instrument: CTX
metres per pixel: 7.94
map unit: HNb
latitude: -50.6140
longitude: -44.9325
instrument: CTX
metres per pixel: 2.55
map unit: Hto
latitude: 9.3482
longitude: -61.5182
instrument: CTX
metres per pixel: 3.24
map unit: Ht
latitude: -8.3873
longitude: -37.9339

---

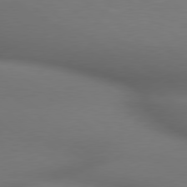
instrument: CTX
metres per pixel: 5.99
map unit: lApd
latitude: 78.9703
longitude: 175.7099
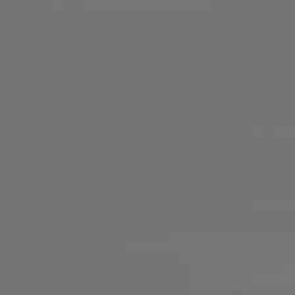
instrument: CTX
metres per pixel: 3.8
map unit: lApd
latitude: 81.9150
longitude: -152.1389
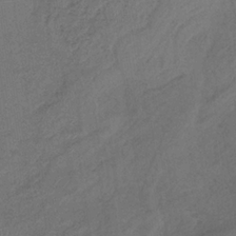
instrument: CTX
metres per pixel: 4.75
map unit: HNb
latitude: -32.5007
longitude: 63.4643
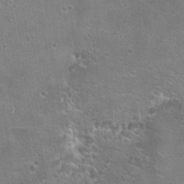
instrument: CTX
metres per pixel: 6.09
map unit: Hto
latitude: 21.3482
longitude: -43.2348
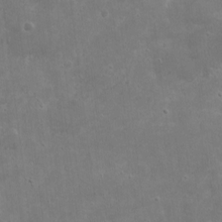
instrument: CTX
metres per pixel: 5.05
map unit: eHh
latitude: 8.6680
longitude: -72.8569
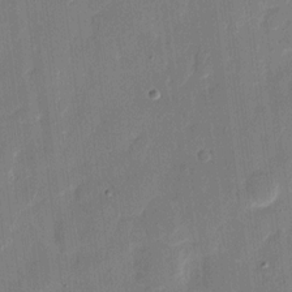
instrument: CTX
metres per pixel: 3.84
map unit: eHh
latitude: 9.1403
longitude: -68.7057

...

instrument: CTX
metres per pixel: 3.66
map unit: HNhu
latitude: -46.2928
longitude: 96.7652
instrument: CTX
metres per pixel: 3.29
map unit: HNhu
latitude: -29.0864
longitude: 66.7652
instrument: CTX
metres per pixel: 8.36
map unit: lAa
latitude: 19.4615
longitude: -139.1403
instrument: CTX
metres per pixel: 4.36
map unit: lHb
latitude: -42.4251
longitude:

### The task
A verbatim reproduction is expected: starting at the line above that has "longitude: -152.1389", ending at the line that has "longitude: -68.7057", both included, and with no pictures and no other lines.

### Written response
longitude: -152.1389
instrument: CTX
metres per pixel: 4.75
map unit: HNb
latitude: -32.5007
longitude: 63.4643
instrument: CTX
metres per pixel: 6.09
map unit: Hto
latitude: 21.3482
longitude: -43.2348
instrument: CTX
metres per pixel: 5.05
map unit: eHh
latitude: 8.6680
longitude: -72.8569
instrument: CTX
metres per pixel: 3.84
map unit: eHh
latitude: 9.1403
longitude: -68.7057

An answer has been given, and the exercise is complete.